サンプルを取り付けた後すぐに、80キロボルトと100マイクロアンペアでX線ビームをオンにします。X線透過画像を観察しながら、x軸とZ軸ボタンをクリックし、取り付けステージでy軸ノブを手動で調整してサンプル全体を見ることができるようにステージを動かします。内部構造が観察されるように画像のコントラスト条件を調整します。

粘土のチューブの角度を変更してサンプルの方向を調整します。回転軸を 90 に設定し、[相対移動]ボタンをクリックして、ステージを 90 度回転します。同じ操縦を4回実行して、完全な回転を完了します。

サンプルドアが開くたびに、システムが自動的にオフに切り替わらなければ、X線ビームを手動でオフにします。Z軸ボタンをクリックし、手動でY軸ノブを調整して、サンプルがビューの中心になるように取り付けステージを移動します。ステージを90度回転させ、サンプルを再び中心に調整します。

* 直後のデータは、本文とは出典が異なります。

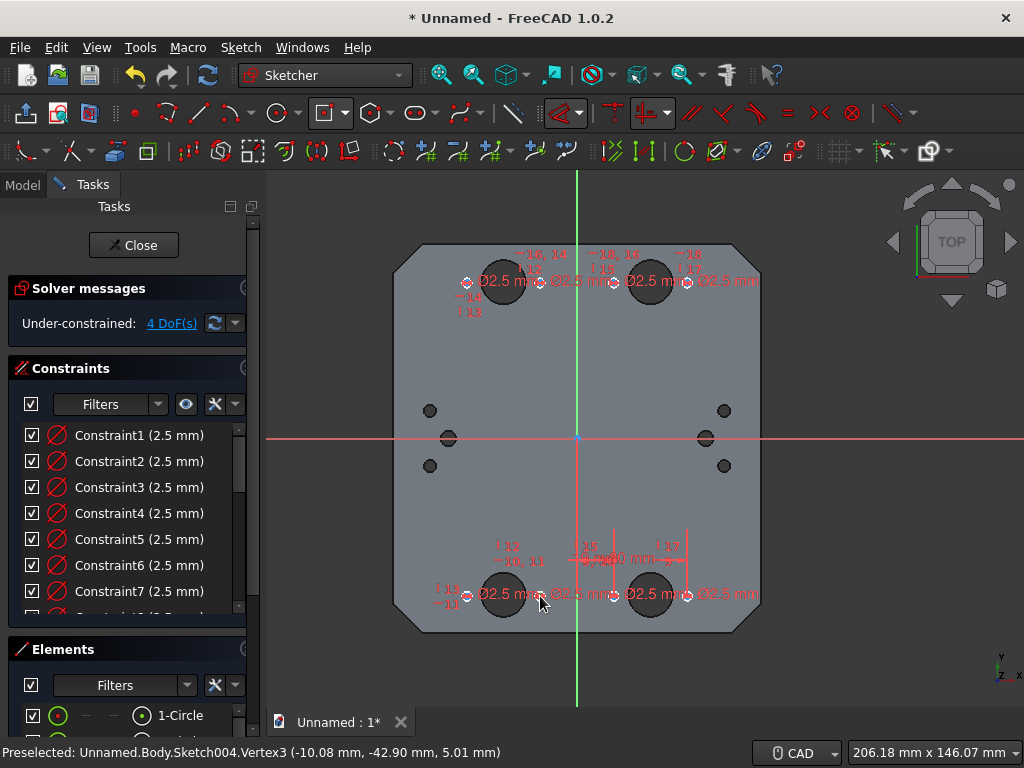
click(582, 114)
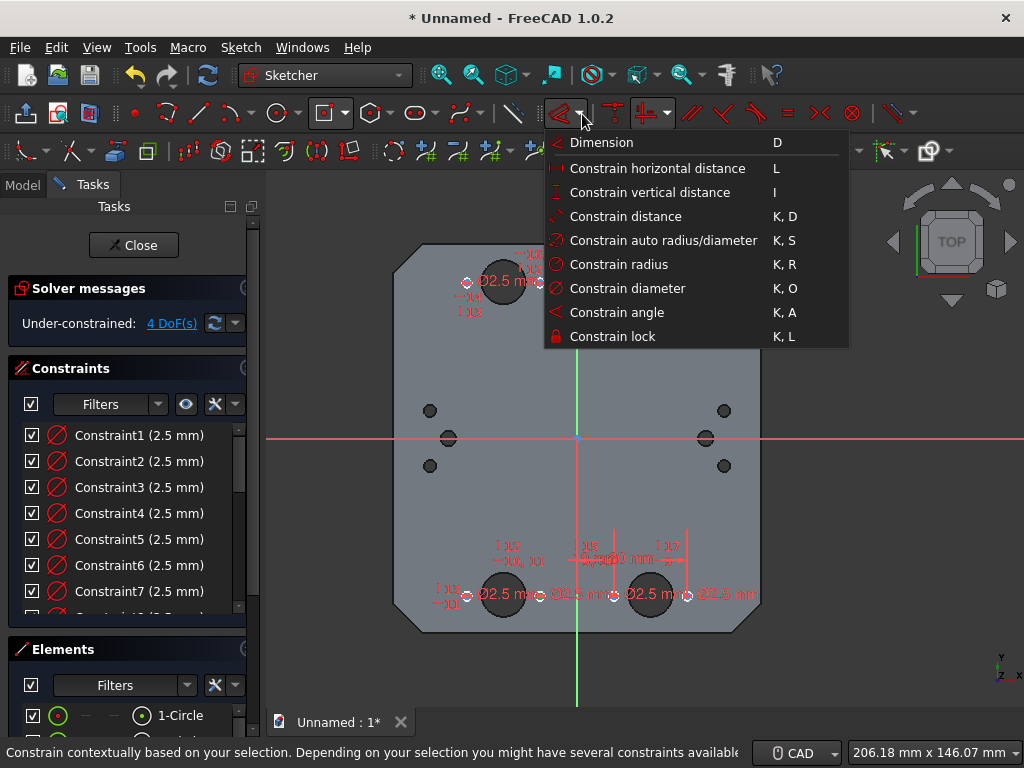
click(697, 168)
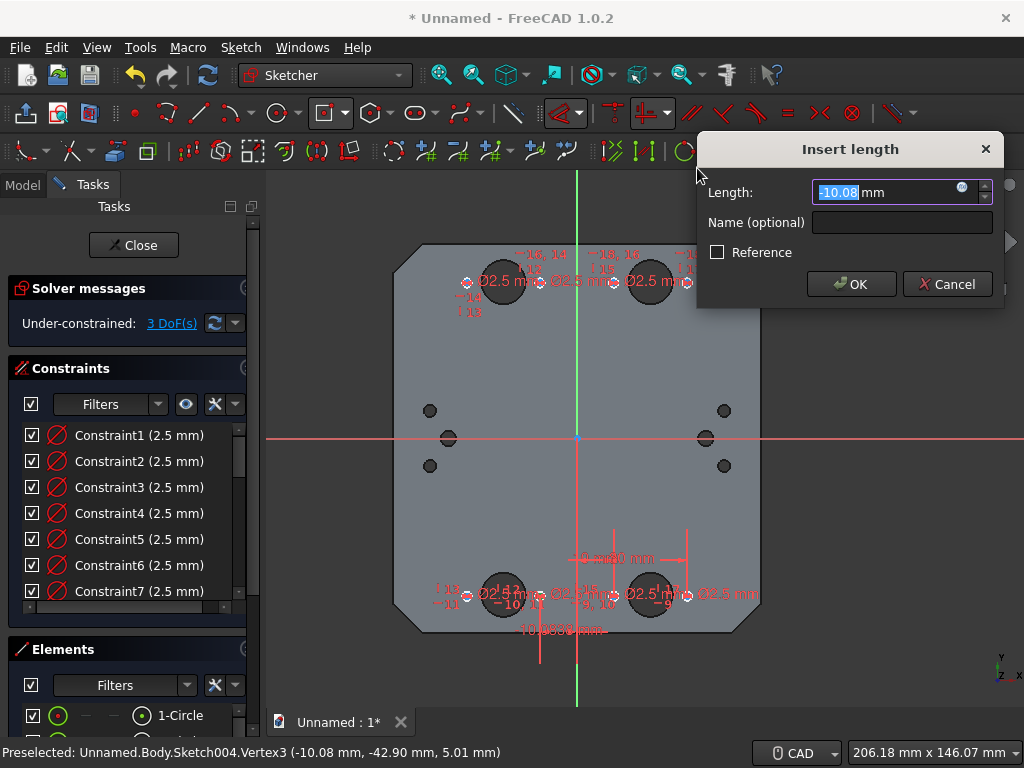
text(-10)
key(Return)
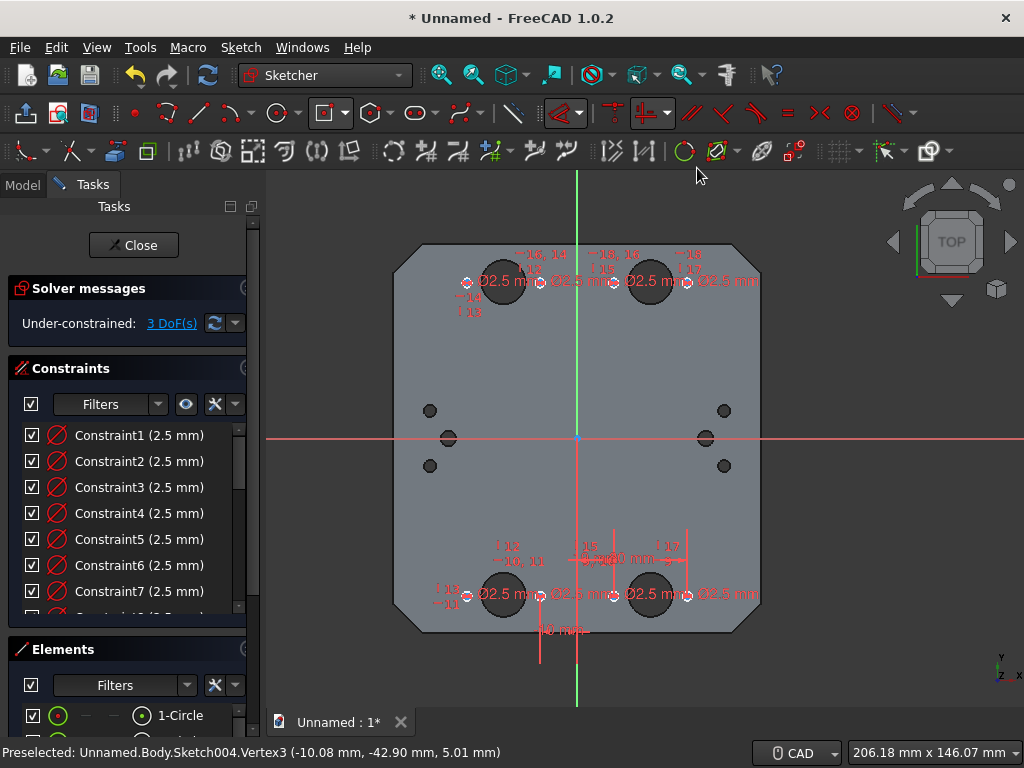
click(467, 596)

ステージを 90 度さらに 3 回回し、必要に応じて調整して、サンプルがすべての方向からビューの中心に位置するようにします。次に、X 軸ボタンをクリックして、X 線のソースに沿ってステージを移動してサンプルを拡大し、必要に応じて調整してビューに収まるようにします。ステージを回し、必要に応じて調整して、サンプルがすべての方向からビュー内に収まるようにします。

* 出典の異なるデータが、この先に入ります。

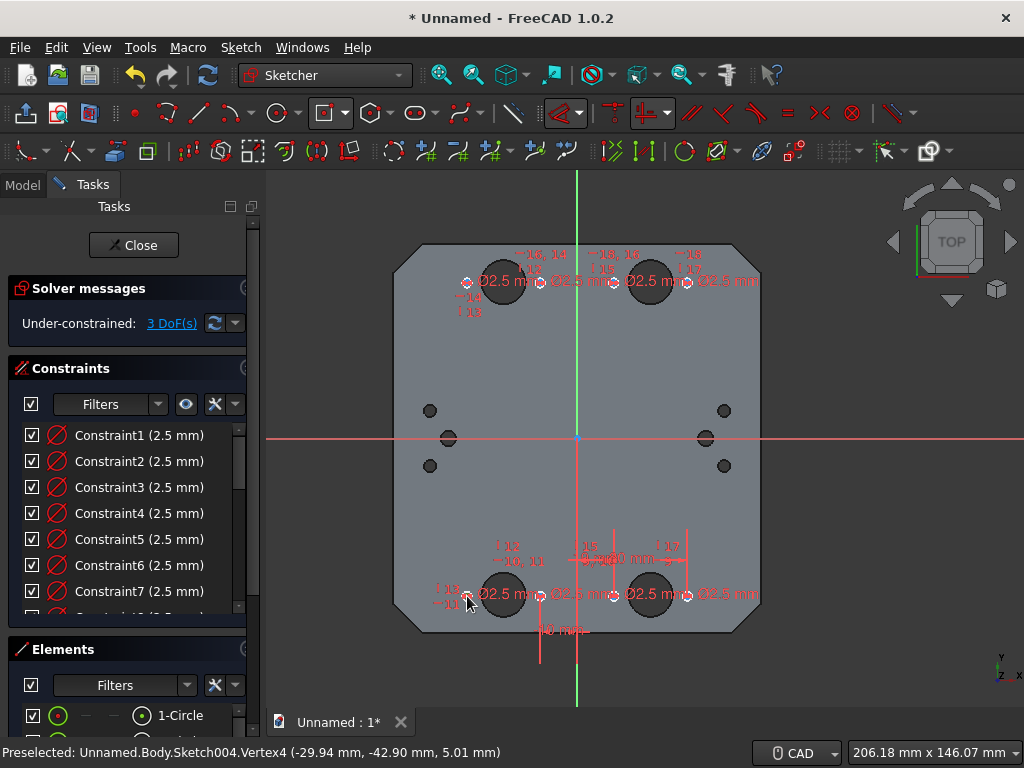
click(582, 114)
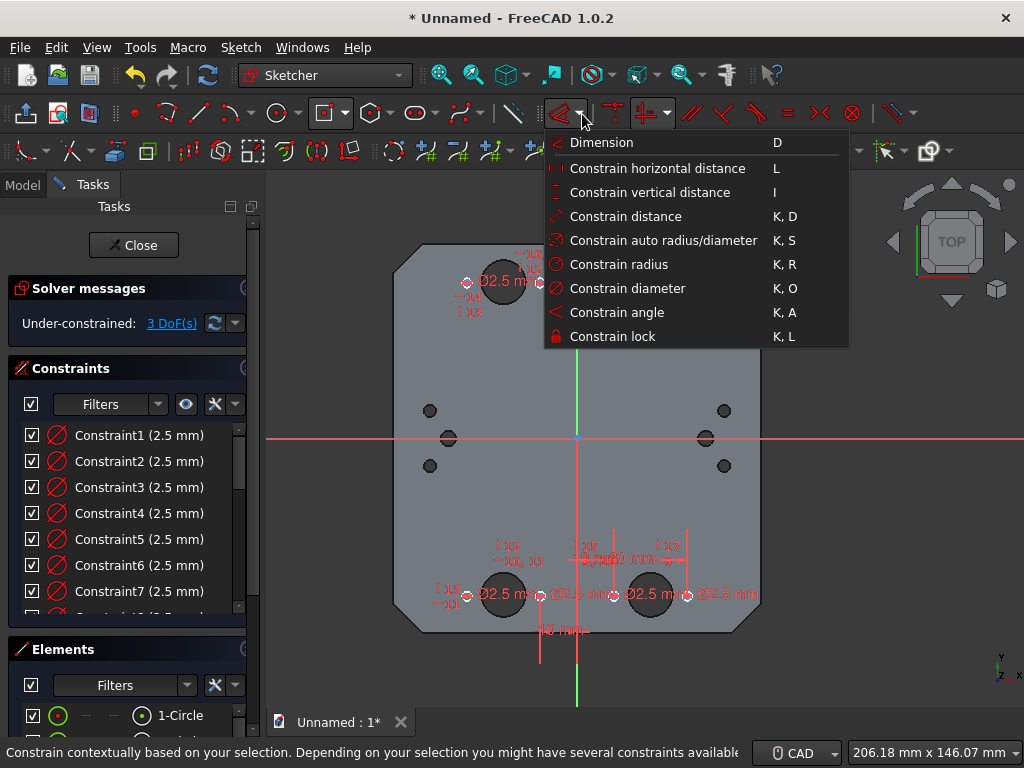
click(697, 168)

スキャン条件を調整してからスキャンを開始します。この実験では、25%ルゴル溶液で染色した後、アクチニア・エキナ、ハルモトエsp、ゼヌートゥベラ・ジャポニカにマイクロCTイメージングを行った。

染色は、すべての標本の内部構造のコントラストをうまく高め、内部軟組織の観察を可能にしました。この方法は、ひどく損傷した表皮を有するX.japonica標本から見ることができるように、外部損傷を有しても壊れやすい標本に適用可能である。ハーモトエspのために標本全体の単一の高解像度データセットを再構築しました。

そして、標本の異なるが重なり合う部分で行われた複数のスキャンからのX.japonica。サンプルをチューブまたはチップにセットし、チューブまたはチップをmicroCTに取り付けて、スキャン中に移動しないようにしてください。この手順から得られたデータは、3D画像の再構築に使用することができ、研究者はサンプルの内部および外部の両方の形態を完全に理解することができます。

マイクロCTシステムは全てX線を使用しますが、仕様はシステムごとに異なる場合がありますので、各システムの指示に厳密に従ってください。